The third focus is research on the translator's (and interpreter's) cognition. These days, this sometimes merges with the cognitive linguistic approach mentioned above. The central issue is simple: what goes on in the translator's head? (Krings 1986) How are decisions made? We cannot study this process directly, so inferences have to be made from what we can observe. One early method was the use of Think-Aloud Protocols (TAPs), where a translator is required to think aloud as he/she translates. Inferences are then made from what is said, often about problems that have occurred, and from the positioning and lengths of pauses, for instance. Further inferences may be drawn from what is known about the translator's emotional state, self-image, personality, personal history, value priorities, and so on (Jaaskelainen 2002). Later, key-logging and eye-tracking technologies have been taken into use, and even EEG and PET scans of the translator's brain (see e. g. Muñoz Martín 2014). Most recently, it has been suggested that a move should be made towards incorporating the methods and theories of neuroscience (e.g. García et al. 2016). Another recent development is the growing interest in the approach known as embedded or embodied cogni-

tion, which sees the mind not as a self-contained black box, separate from the body, but rather as embedded in and part of its physical context, including the human body itself and its immediate environment (e. g. Risku 2014). In general, the cognitive focus is obviously based on the empirical paradigm.

The fourth general focus is a sociological one. This looks at translation as a social activity, from many points of view. Many translators work in a team, for instance, and this means that there are social relationships between team members such as project managers, revisers, colleagues, clients and so on. Network models of workplace procedures are proposed, to study the communication between the agents involved. Issues concerning the translator's agency are studied, such as autonomy, power and visibility (see Kinnunen and Koskinen 2010). Translators' treatment and working conditions are studied as factors affecting the assessment of translation quality: if working conditions are appalling, can the translator be blamed for a producing a poor translation? Translation quality is thus given an ethical aspect as well as a textual one (Abdallah 2012, Ehrensberger-Dow and O'Brien 2015). Sociological research has also looked at the international translation market, the economics of translation, the professionalization of translators and interpreters, accreditation systems, social status, and payment rates. Another important topic is non-professional translation, such as the use of children to interpret for their immigrant parents, or the amateur fan-translation of films or comics (see Brian Harris's blog). Yet another significant area is translation policy and its relation to language policy.
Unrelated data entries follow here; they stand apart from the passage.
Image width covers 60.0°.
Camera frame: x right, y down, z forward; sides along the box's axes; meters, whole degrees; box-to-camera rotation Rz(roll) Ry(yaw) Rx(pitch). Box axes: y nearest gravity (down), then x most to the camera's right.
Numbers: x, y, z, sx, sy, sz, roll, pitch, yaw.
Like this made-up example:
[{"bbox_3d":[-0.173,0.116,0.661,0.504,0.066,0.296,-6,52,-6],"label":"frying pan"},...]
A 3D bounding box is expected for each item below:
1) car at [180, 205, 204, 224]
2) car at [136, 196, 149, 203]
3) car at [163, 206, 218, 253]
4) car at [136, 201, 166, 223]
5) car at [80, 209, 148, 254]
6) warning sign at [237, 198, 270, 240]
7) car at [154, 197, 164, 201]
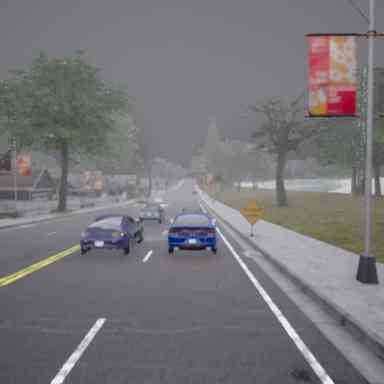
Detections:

In sociological research on translation, theoretical concepts have obviously been borrowed from sociology (theories such as norm theory, Bourdieu's work, and Agent Network Theory), and so have data collection and elicitation methods (e. g. questionnaires, interviews). The general philosophical background has been empirical: the activity of translation is studied as a human science (see e. g. Wolf and Fu-kari 2007).

The four focus areas sketched above are obviously interrelated. One connecting feature is the increasing use of technology. In terms of the textual focus, the relevance of technology is evident in the growing field of multimedia translation, encompassing subtitling, dubbing, audio description, and the like. Machine translation (MT) is nowadays a field of its own, developed by computer scientists and/or computer linguists, but its influence on Translation Studies has been important, particularly in terms of the various technical aids that have emerged as offshoots of the MT project: electronic term banks, translation memory programs, translator's workbench systems, computer-aided translation, and so on.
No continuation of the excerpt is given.